The Cryptophyta comprise photoautotrophic protists with complex plastids which harbor
a remnant eukaryotic nucleus (nucleomorph) and a few heterotrophic taxa which either
lack a plastid (Goniomonas) or contain a complex plastid devoid of pigments (Ieucoplast;
Chilomonas). To resolve the phylogenetic relationships between photosynthetic, leucoplast-containing
and aplastidial taxa, we determined complete nuclear-encoded SSU rRNA-sequences from
12 cryptophyte taxa representing the genera Cryptomonas, Chilomonas, Rhodomonas, Chroomonas,
Hemiselmis, Proteomonas and Teleaulax and, as an outgroup taxon, Cyanoptyche gloeocystis
(Glaucocystophyta).
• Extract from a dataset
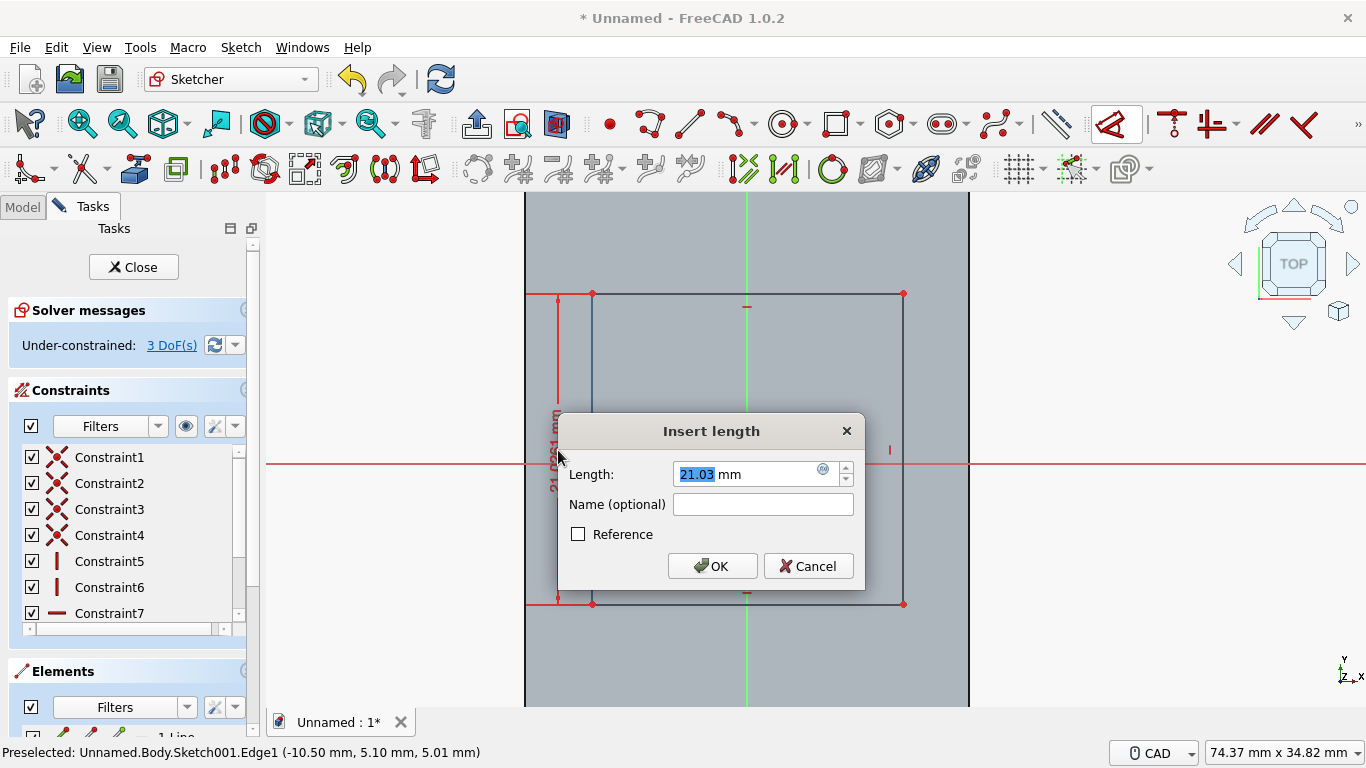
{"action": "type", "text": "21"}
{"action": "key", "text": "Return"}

Phylogenetic analyses of SSU rRNA sequences from a total of 24
cryptophyte taxa rooted with 4 glaucocystophyte taxa using distance, parsimony and
likelihood methods as well as LogDet transformations invariably position the aplastidial
genus Goniomonas as a sister taxon to a monophyletic lineage consisting of all plastid
containing cryptophytes including Chilomonas. Among the plastid-containing taxa, we
identify six major clades each supported by high bootstrap values: clade I (Cryptomonas
and Chilomonas), clade II (Rhodomonas, Pyrenomonas, Rhinomonas and Storeatula), clade
III (Guillardia and the 'unidentified cryptophyte' strain CCMP 325), clade IV (Teleaulax
and Geminigera), clade V (Proteomonas) and clade VI (Hemiselmis, Chroomonas and Komma).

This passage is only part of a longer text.